[Dataset excerpts]

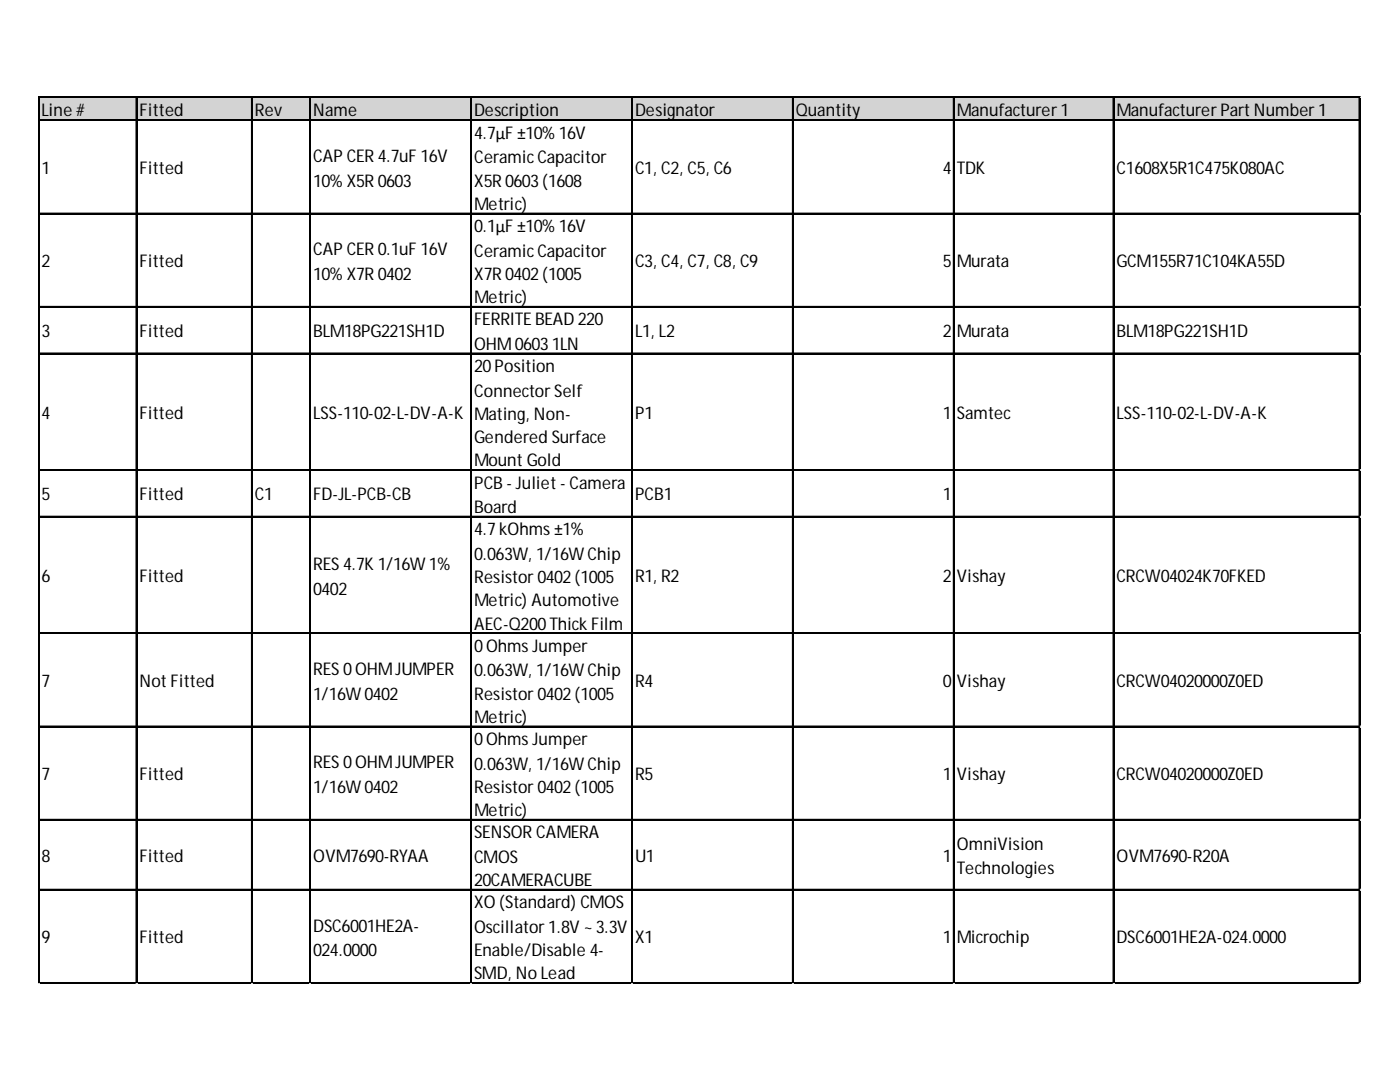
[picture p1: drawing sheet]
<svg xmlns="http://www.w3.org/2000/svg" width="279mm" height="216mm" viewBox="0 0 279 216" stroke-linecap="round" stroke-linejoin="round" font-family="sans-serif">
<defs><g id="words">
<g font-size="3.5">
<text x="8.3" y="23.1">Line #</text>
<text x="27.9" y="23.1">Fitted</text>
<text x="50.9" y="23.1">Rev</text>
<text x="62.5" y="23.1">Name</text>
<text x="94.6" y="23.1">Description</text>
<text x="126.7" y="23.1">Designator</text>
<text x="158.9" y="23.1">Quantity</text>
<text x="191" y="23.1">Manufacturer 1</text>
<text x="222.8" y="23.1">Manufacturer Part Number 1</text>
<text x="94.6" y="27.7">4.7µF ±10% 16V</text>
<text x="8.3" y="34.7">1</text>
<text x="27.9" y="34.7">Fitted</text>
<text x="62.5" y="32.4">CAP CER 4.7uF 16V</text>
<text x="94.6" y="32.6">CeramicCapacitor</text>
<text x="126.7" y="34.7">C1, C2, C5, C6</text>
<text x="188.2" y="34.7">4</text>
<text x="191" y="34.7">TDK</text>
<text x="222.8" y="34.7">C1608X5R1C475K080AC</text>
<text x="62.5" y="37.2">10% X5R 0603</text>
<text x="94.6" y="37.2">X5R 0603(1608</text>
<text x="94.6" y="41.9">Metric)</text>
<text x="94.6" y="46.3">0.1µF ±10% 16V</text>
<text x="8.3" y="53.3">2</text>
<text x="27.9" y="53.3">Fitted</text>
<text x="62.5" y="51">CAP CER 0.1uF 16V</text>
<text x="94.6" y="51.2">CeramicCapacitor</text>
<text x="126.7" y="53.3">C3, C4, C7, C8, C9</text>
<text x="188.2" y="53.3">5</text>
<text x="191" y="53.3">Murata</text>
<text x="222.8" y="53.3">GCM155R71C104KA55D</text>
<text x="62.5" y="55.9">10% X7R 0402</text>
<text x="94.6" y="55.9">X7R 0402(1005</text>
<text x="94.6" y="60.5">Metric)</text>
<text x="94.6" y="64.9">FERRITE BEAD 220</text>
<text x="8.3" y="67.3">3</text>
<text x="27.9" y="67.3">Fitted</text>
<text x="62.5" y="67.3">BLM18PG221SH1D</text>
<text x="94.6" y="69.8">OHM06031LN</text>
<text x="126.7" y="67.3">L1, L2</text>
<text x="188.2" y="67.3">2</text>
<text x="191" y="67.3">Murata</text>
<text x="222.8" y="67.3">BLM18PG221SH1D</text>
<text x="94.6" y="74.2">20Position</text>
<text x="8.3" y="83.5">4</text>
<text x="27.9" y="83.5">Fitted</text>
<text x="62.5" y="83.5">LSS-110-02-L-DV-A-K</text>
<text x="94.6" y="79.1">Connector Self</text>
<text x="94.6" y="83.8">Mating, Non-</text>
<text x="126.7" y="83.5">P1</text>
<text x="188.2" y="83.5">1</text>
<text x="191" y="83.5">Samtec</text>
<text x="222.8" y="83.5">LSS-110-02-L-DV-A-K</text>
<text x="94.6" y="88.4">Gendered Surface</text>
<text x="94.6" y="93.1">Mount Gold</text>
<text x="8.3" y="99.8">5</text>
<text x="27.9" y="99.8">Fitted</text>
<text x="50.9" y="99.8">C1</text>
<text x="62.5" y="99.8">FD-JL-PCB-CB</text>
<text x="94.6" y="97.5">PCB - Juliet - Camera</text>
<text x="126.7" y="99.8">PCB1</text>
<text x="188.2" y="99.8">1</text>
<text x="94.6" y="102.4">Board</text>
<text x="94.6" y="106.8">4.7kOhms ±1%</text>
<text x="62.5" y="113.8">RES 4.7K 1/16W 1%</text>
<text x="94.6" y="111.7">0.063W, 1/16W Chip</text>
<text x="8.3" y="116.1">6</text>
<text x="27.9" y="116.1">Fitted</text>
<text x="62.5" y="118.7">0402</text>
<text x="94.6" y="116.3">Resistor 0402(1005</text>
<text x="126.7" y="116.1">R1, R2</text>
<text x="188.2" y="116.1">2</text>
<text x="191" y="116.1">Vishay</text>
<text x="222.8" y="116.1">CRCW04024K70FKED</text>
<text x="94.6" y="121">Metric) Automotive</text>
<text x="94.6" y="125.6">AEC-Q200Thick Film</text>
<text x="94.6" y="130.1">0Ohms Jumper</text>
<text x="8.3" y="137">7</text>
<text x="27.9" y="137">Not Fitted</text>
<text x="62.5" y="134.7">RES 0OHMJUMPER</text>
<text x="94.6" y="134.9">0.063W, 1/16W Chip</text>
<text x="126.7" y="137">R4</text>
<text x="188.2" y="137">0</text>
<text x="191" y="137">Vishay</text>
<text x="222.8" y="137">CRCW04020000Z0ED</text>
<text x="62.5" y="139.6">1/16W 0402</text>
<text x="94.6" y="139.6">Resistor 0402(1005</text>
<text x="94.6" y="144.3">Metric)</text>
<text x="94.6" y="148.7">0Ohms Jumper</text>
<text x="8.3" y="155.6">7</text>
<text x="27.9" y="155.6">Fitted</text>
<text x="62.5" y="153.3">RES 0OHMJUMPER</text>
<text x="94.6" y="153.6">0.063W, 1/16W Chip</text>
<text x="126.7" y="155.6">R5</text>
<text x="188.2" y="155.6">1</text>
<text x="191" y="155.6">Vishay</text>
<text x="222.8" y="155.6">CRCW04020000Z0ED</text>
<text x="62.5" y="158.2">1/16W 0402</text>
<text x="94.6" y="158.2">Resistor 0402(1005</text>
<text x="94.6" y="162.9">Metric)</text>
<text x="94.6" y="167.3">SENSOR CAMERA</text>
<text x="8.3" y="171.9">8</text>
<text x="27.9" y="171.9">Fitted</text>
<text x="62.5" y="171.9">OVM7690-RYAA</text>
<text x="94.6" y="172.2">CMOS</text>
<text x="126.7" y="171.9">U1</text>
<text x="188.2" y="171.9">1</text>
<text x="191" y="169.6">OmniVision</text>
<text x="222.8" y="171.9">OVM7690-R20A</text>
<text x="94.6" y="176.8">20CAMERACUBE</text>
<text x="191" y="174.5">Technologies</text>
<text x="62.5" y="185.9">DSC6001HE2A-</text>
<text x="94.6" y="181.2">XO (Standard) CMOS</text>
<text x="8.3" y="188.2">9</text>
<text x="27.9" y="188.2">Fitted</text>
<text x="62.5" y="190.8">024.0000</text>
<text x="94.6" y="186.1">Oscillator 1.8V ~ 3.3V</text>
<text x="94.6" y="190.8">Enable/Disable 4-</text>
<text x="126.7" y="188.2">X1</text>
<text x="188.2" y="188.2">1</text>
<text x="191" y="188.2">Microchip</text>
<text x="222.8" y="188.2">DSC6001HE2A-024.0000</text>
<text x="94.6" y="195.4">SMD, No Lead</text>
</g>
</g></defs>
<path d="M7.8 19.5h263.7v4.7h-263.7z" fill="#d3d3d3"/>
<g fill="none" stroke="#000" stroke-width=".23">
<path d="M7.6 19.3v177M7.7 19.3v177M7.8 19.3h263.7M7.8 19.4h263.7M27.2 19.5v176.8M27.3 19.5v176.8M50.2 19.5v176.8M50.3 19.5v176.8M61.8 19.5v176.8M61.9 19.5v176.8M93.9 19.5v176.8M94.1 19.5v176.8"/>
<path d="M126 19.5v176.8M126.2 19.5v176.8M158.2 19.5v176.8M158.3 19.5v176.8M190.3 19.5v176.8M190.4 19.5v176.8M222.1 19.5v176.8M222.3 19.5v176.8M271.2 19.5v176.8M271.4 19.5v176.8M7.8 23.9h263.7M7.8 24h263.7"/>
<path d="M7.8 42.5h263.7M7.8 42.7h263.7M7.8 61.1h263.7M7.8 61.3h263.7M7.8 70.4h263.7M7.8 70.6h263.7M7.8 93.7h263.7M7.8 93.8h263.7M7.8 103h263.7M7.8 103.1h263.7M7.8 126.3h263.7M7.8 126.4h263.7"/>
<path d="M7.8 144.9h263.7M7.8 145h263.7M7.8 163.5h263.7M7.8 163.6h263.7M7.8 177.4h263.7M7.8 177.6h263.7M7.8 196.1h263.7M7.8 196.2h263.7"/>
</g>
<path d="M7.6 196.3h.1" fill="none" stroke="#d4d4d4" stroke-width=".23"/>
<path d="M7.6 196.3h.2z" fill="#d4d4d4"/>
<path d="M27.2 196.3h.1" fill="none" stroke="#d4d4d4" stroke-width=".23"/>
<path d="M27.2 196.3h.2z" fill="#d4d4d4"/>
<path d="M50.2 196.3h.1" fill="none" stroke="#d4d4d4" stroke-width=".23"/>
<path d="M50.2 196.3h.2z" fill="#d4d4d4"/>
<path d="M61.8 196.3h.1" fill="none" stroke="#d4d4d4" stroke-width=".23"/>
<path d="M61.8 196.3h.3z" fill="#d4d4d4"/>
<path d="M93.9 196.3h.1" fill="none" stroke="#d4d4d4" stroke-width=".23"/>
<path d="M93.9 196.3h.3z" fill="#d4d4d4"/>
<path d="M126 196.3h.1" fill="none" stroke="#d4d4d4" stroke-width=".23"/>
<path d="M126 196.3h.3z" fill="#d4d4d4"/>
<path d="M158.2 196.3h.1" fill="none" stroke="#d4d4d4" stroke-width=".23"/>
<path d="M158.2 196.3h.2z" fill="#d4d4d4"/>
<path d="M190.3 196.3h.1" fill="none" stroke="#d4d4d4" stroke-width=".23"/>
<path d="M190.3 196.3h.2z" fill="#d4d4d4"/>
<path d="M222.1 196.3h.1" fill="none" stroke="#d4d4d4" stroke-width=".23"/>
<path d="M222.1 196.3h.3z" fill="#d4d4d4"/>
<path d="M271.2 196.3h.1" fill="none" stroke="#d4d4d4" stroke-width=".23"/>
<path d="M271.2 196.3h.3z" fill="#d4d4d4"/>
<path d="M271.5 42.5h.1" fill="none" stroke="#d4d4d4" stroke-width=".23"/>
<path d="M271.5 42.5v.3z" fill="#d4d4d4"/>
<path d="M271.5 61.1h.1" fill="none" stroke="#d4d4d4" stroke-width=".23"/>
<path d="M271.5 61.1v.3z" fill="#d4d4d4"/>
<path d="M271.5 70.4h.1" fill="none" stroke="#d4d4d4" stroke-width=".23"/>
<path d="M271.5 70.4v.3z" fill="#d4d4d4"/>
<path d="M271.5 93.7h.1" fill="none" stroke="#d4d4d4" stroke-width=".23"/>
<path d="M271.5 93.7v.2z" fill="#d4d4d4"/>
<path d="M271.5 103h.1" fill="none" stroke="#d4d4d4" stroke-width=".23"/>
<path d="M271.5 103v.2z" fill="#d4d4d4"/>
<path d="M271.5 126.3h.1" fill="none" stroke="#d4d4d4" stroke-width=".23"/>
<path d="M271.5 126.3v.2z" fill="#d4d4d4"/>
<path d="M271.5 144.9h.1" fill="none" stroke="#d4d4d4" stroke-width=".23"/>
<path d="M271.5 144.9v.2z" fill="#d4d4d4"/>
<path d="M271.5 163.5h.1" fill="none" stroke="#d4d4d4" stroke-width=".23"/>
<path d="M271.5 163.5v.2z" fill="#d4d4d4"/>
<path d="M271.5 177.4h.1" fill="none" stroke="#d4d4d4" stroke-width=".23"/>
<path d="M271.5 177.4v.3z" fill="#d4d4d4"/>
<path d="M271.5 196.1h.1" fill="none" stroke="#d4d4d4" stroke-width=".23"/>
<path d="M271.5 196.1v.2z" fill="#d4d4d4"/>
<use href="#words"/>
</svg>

→ Activity: Where a line in the records above contains the string "Resistor", return that line.

→ The answer:
<text x="94.6" y="116.3">Resistor 0402(1005</text>
<text x="94.6" y="139.6">Resistor 0402(1005</text>
<text x="94.6" y="158.2">Resistor 0402(1005</text>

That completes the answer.